Smiths saved by sterling boost, 'well positioned' for return to growth

By

Sharecast News | 22 Sep, 2017

Updated : 13:29

Smiths Group reported a small decline in full year underlying revenue but 11% growth on a reported basis thanks to the weak pound and said strategic progress made in the year set it up to return to growth next year.

On revenue of £3.3bn in the year to 31 July, underlying headline operating profit increased 3% or by 16% on a reported basis as operating profit margins improved in all divisions was limited by increased investment, though this represented a slowdown from the 18% growth in the first half of the year.

Chief executive Andy Reynolds Smith said investment, which was increased in all divisions to represent 4.6% of group sales, was an important element of the progress in executing the strategy so that the group was "well positioned" to return to growth in the new financial year.

"We are well underway in repositioning the business through organic and inorganic investment with approximately 75% of the group now well positioned in attractive markets.

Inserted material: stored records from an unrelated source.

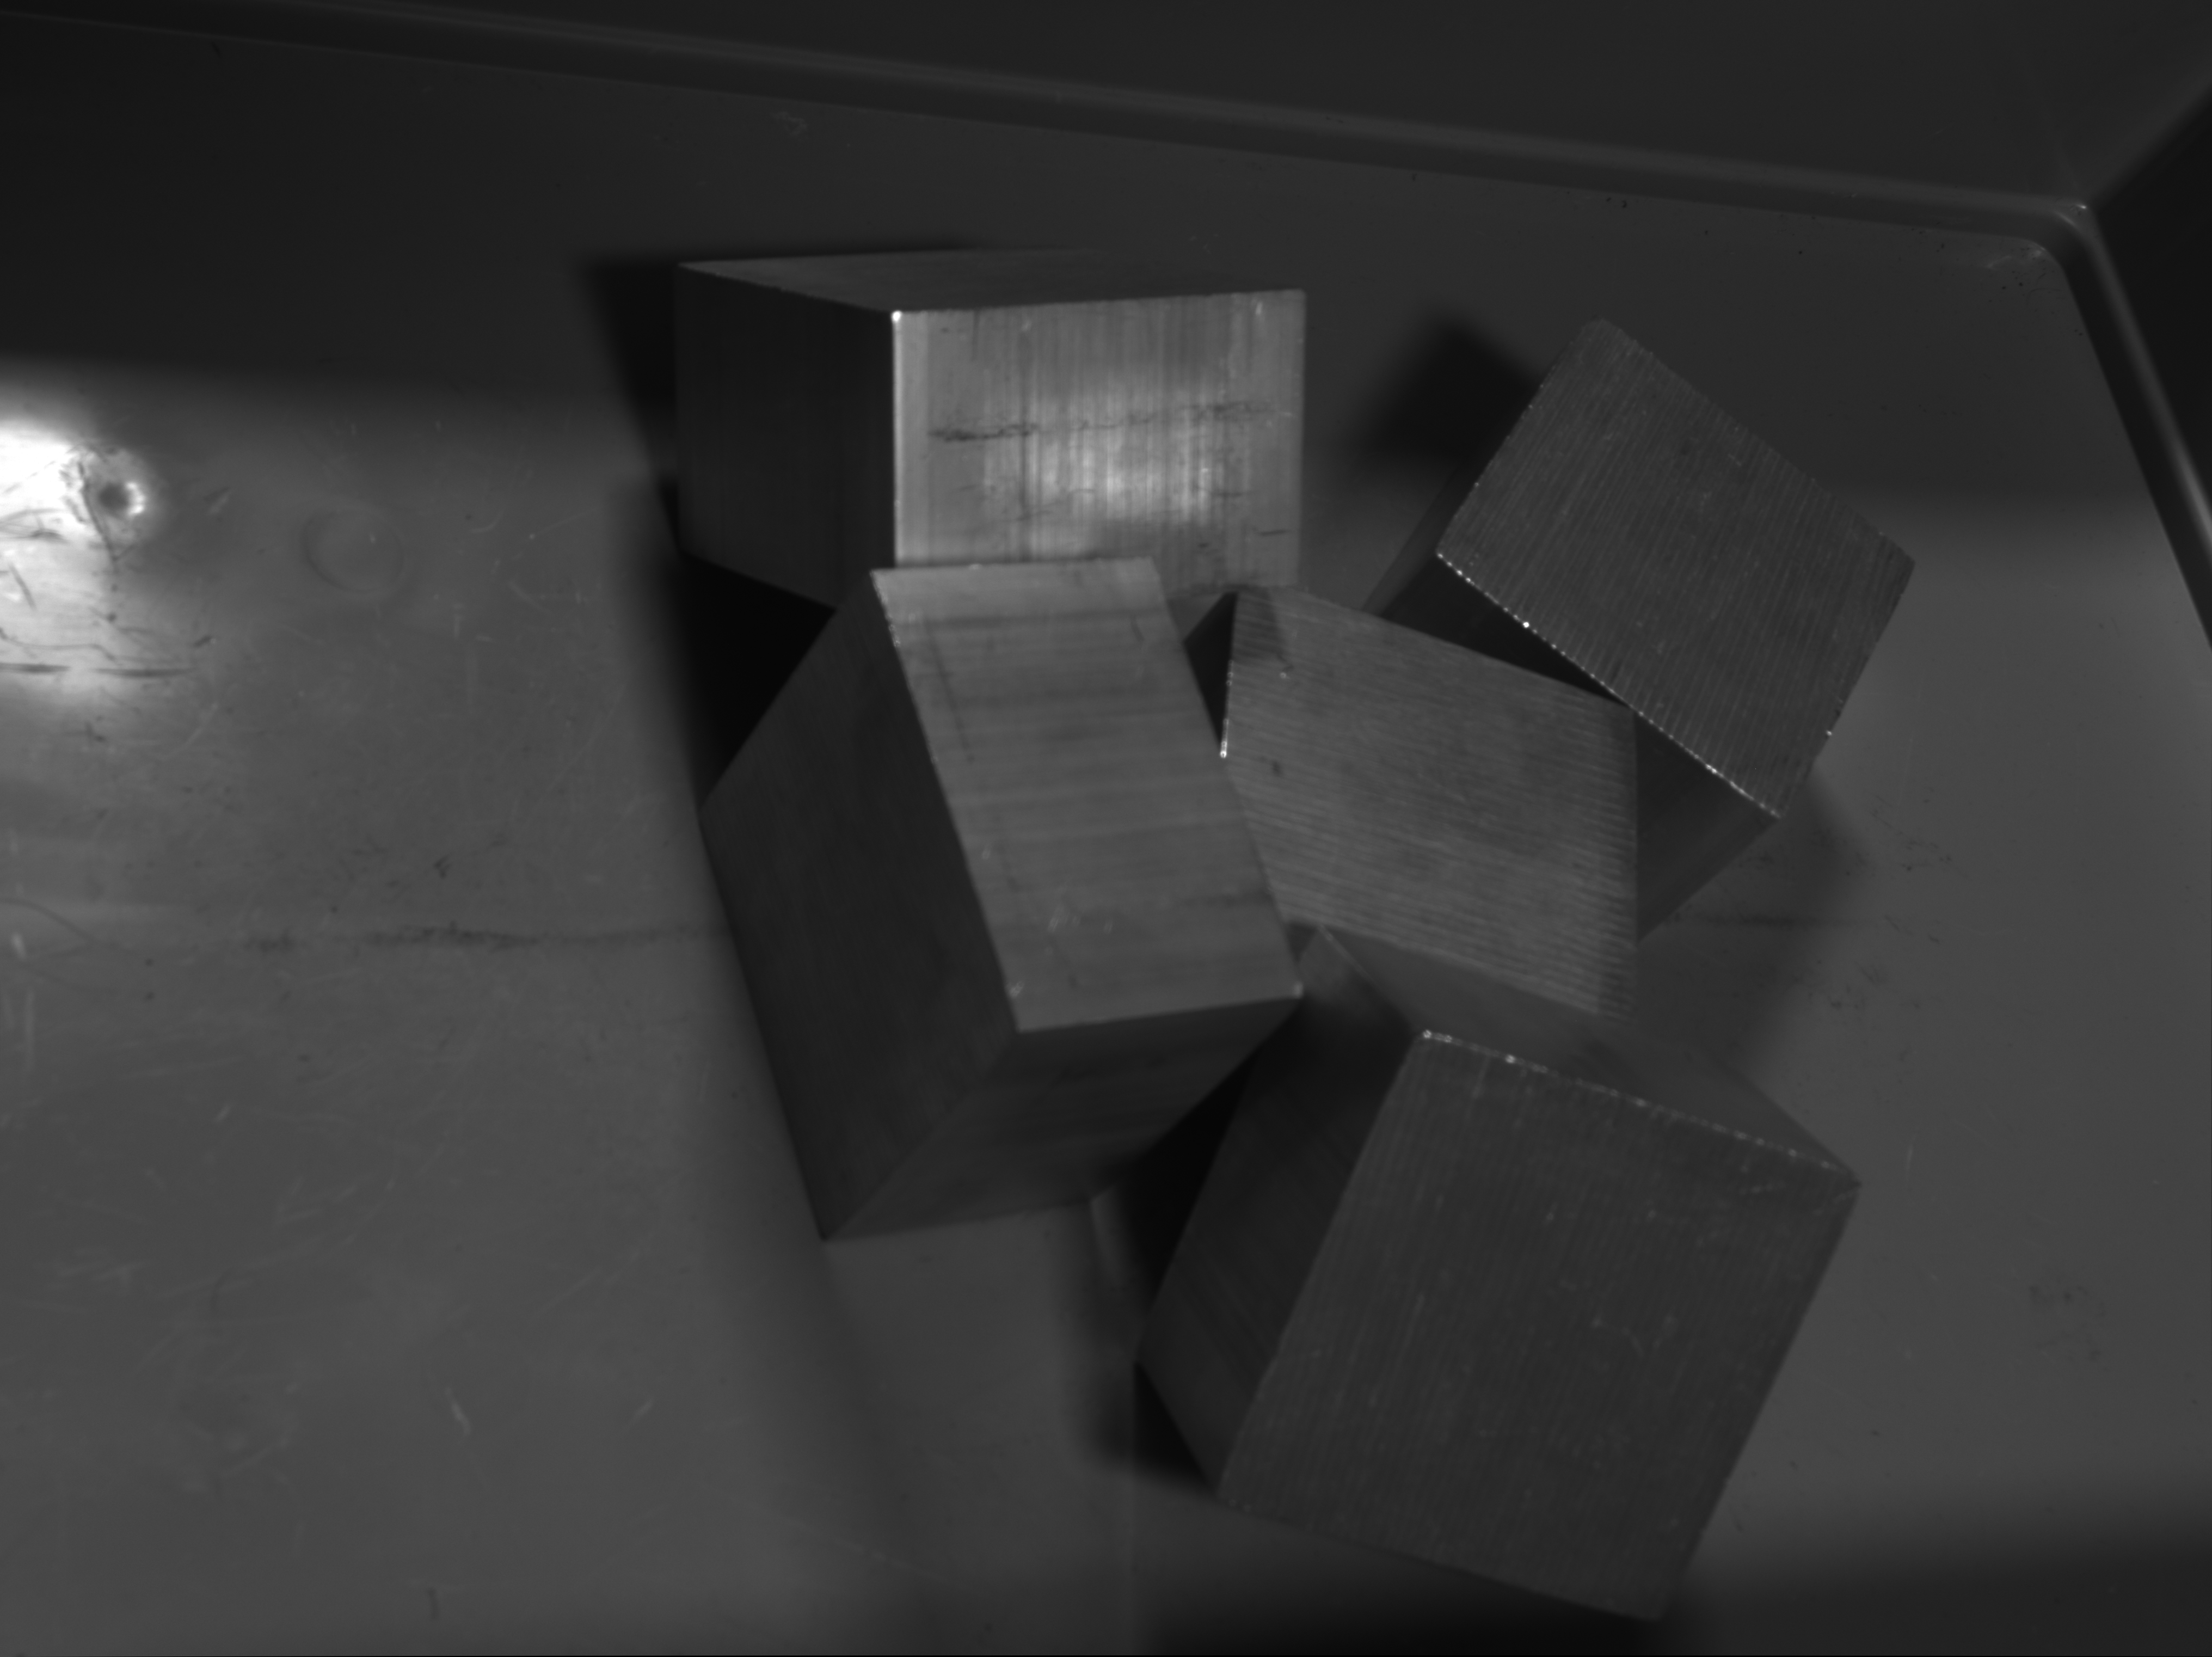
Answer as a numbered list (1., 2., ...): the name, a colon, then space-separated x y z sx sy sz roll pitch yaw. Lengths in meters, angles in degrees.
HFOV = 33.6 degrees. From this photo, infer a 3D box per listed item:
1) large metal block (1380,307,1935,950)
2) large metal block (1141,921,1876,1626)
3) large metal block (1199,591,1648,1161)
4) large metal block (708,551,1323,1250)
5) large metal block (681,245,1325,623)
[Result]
1. large metal block: 0.100 -0.039 0.700 0.080 0.050 0.080 38 51 -3
2. large metal block: 0.062 0.071 0.585 0.080 0.080 0.050 19 12 -19
3. large metal block: 0.047 0.013 0.641 0.080 0.050 0.080 18 55 -18
4. large metal block: -0.017 0.012 0.587 0.050 0.080 0.080 -6 64 -31
5. large metal block: -0.019 -0.070 0.628 0.080 0.080 0.050 -8 107 -31
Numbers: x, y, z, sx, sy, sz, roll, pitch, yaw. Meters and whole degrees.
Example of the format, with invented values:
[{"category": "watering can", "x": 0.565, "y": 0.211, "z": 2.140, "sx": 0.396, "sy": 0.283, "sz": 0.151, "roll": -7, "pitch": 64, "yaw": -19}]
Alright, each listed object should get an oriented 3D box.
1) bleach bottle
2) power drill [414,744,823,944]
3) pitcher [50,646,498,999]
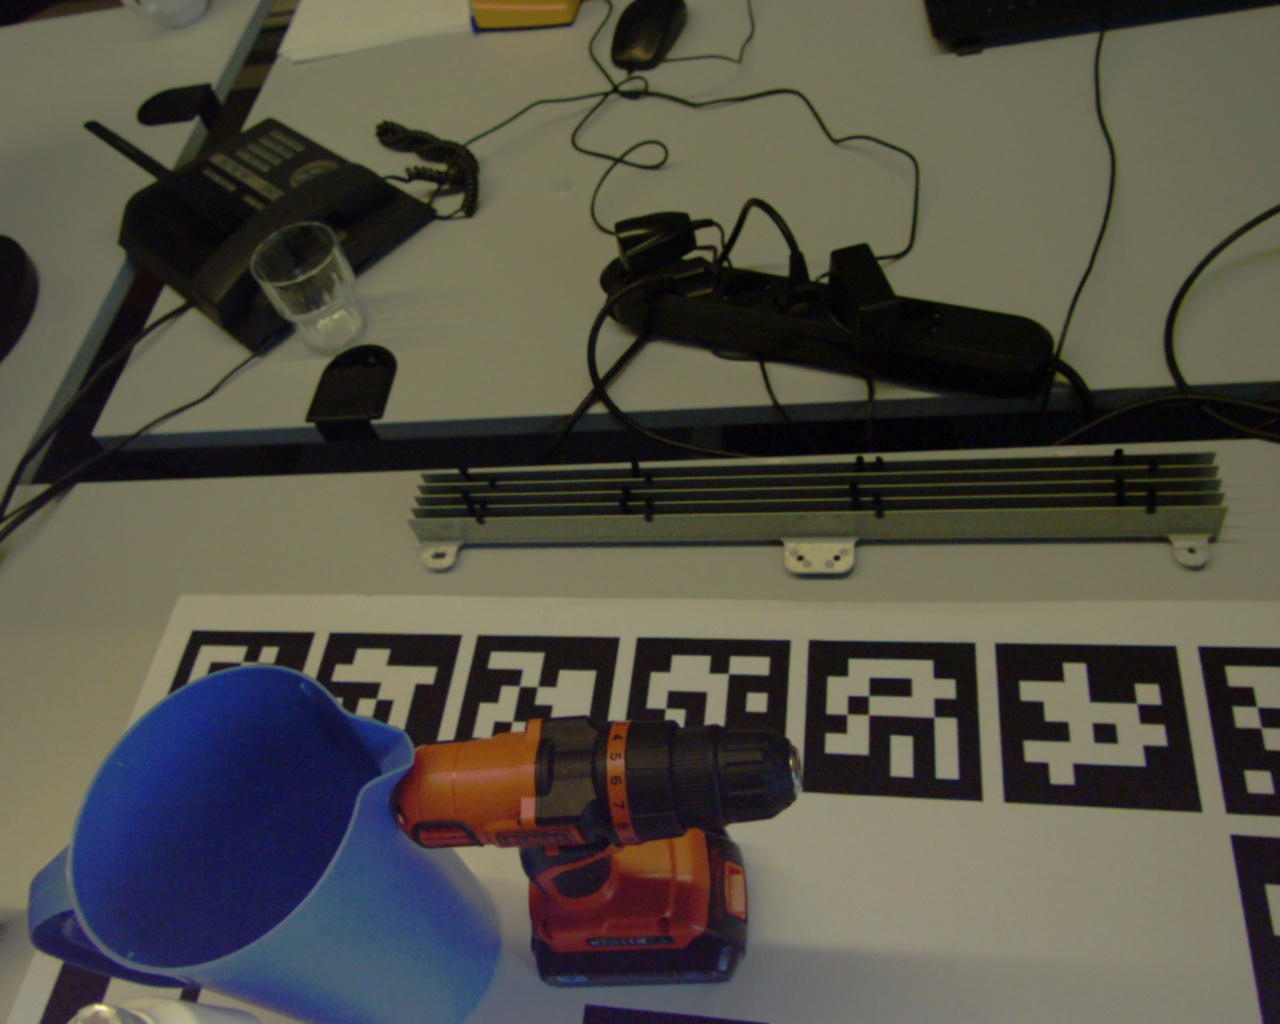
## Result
[{"category": "bleach bottle", "x": -0.196, "y": 0.259, "z": 0.529, "sx": 0.103, "sy": 0.248, "sz": 0.068, "roll": -8, "pitch": 55, "yaw": 10}, {"category": "power drill", "x": -0.003, "y": 0.169, "z": 0.571, "sx": 0.185, "sy": 0.186, "sz": 0.057, "roll": -3, "pitch": 58, "yaw": 7}, {"category": "pitcher", "x": -0.170, "y": 0.184, "z": 0.597, "sx": 0.189, "sy": 0.240, "sz": 0.134, "roll": -24, "pitch": 55, "yaw": -1}]
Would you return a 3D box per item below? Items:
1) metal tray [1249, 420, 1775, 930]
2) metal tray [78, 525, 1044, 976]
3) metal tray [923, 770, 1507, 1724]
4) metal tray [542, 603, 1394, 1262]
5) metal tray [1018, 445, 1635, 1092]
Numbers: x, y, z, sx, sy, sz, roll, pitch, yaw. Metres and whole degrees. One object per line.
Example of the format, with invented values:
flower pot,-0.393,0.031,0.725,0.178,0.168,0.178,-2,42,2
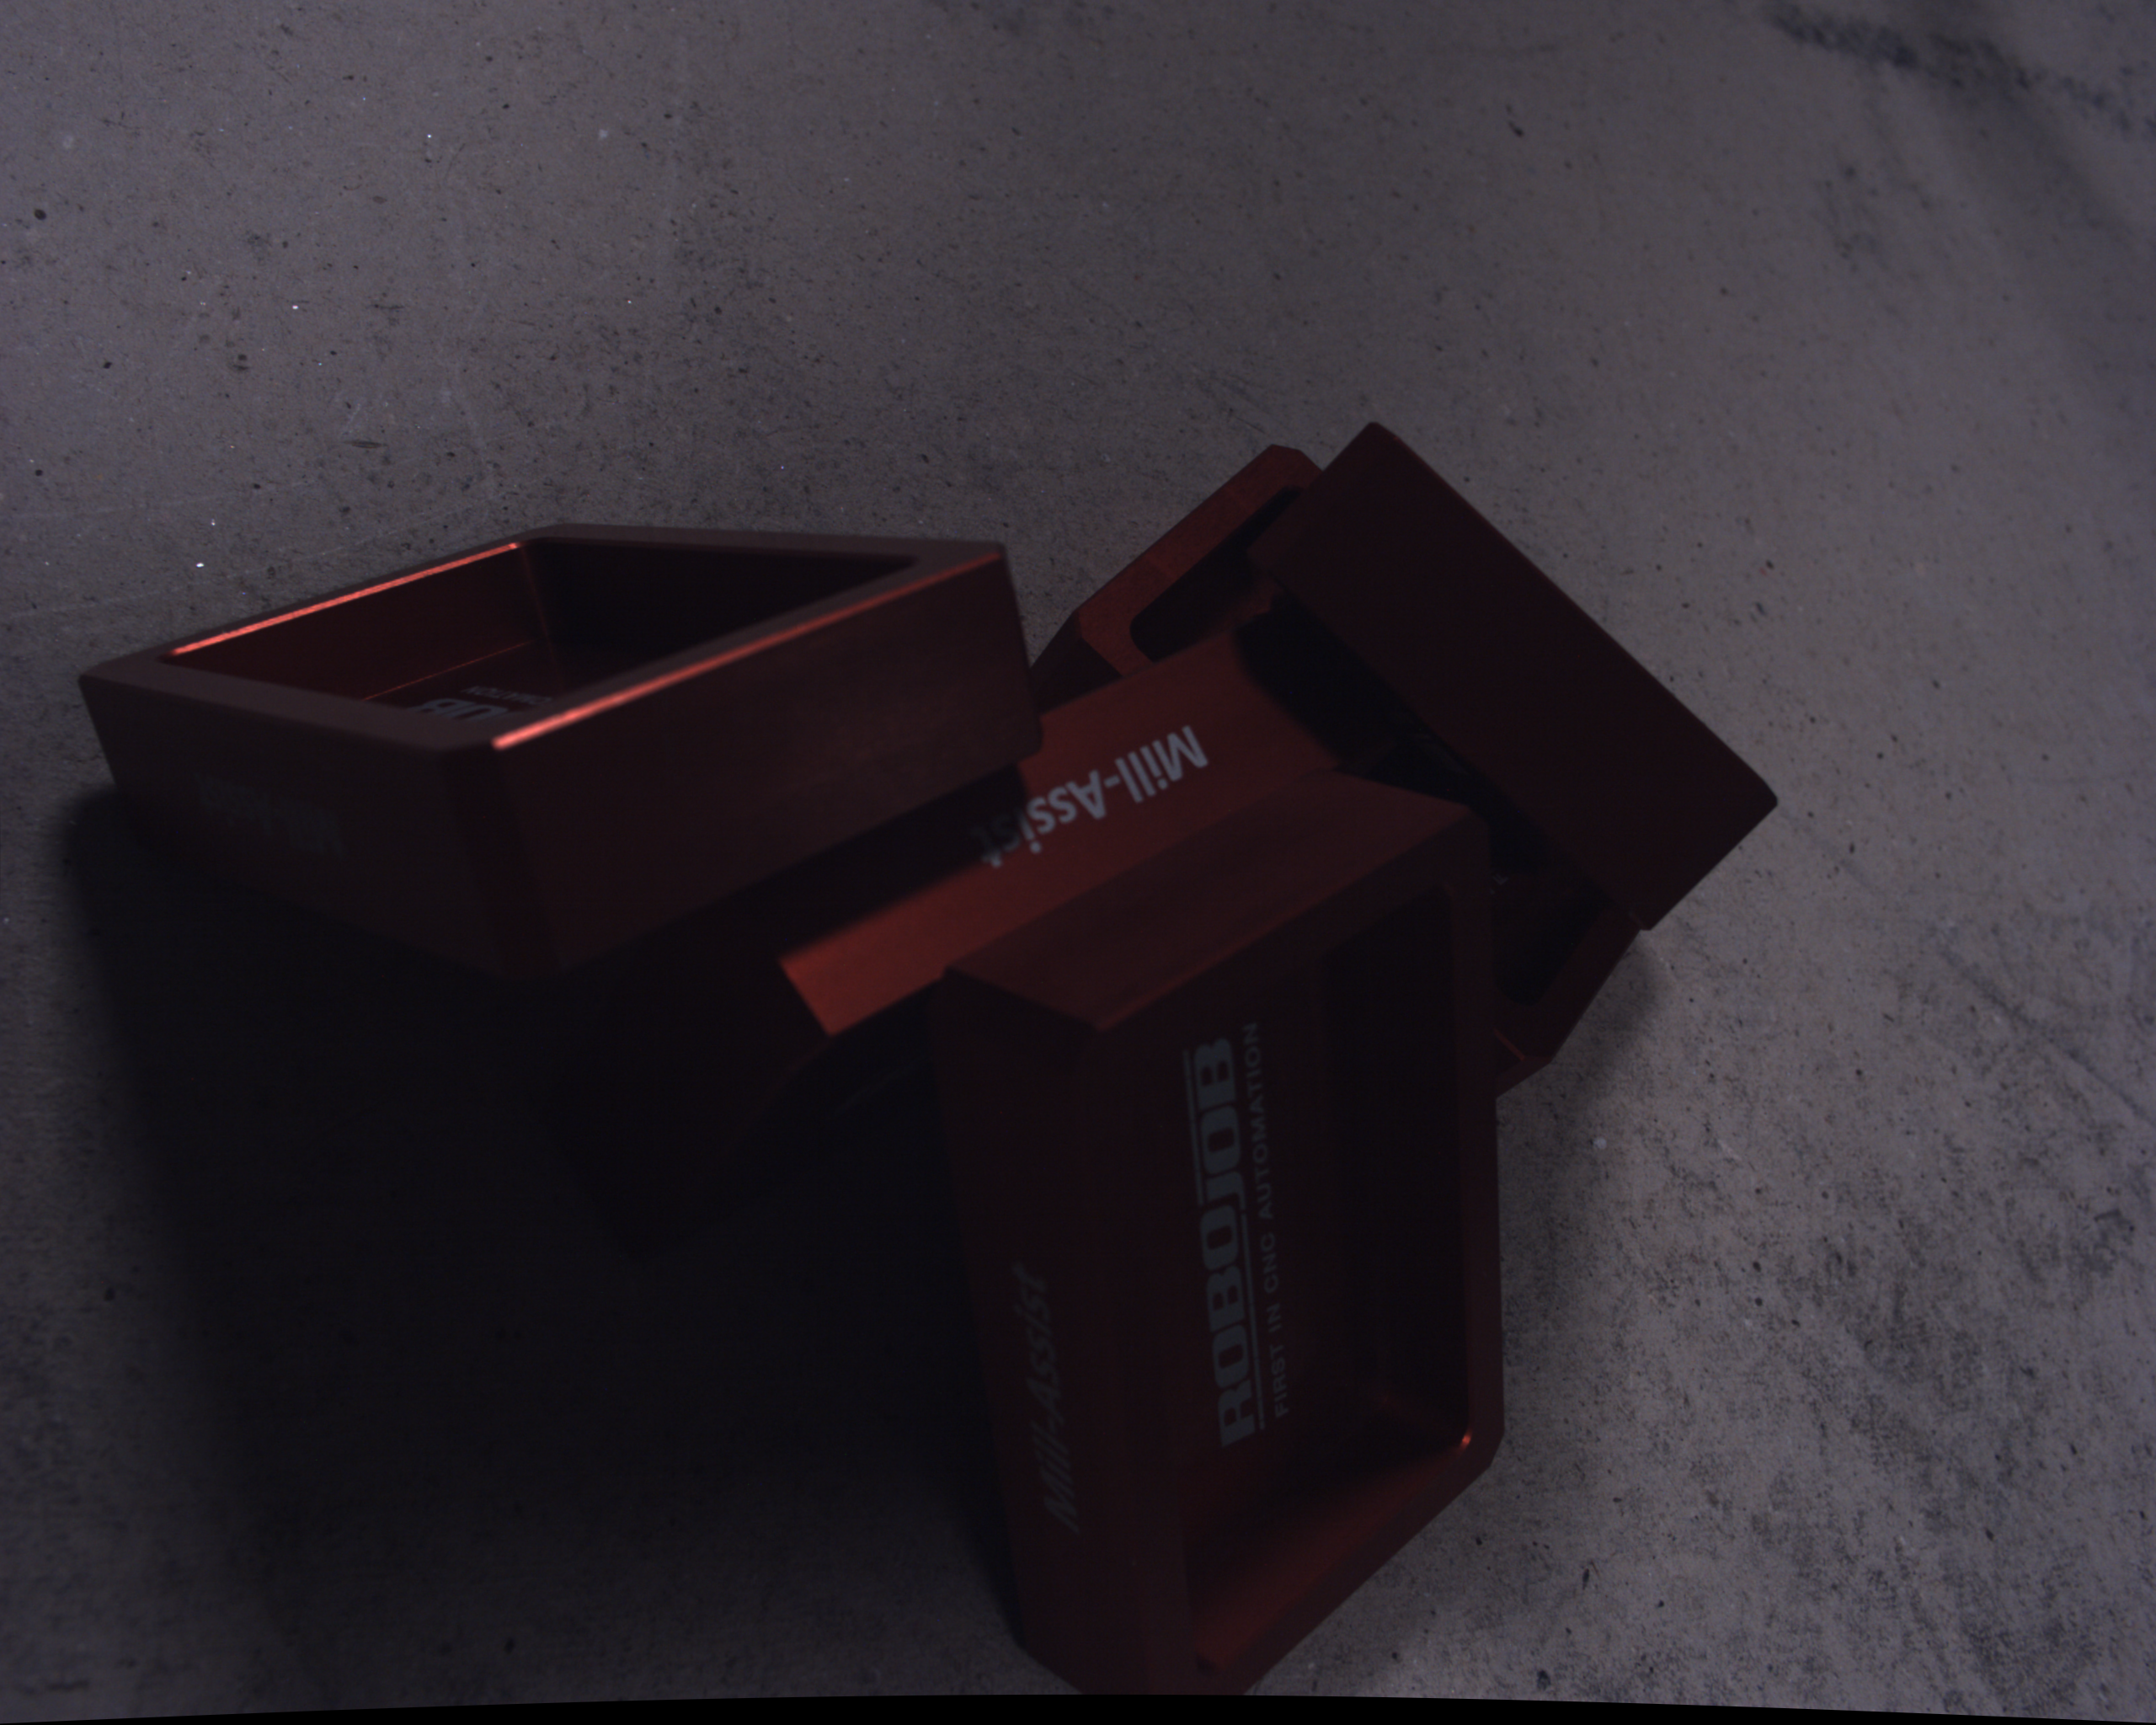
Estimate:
metal tray,0.076,-0.034,0.397,0.090,0.030,0.130,44,6,1
metal tray,-0.081,-0.024,0.317,0.091,0.130,0.030,-27,116,-38
metal tray,0.027,0.061,0.328,0.091,0.030,0.129,-28,122,-37
metal tray,-0.017,0.010,0.349,0.131,0.090,0.030,-28,78,-38
metal tray,0.062,-0.020,0.450,0.130,0.030,0.090,44,51,2

"The disposal of four non-core businesses and the acquisition of Morpho Detection has supported the significant upgrading of the portfolio as we increasingly focus on scalable, technology-differentiated leadership positions in our chosen markets."

Looking back the year just completed by division, energy sector engineer John Crane saw underlying revenue fall 4% due to its main focus being on the oil & gas market.

Underlying revenues at Smith Medicals fell 3% due to a delay in some new product launches as management try and refresh and expand the product portfolio.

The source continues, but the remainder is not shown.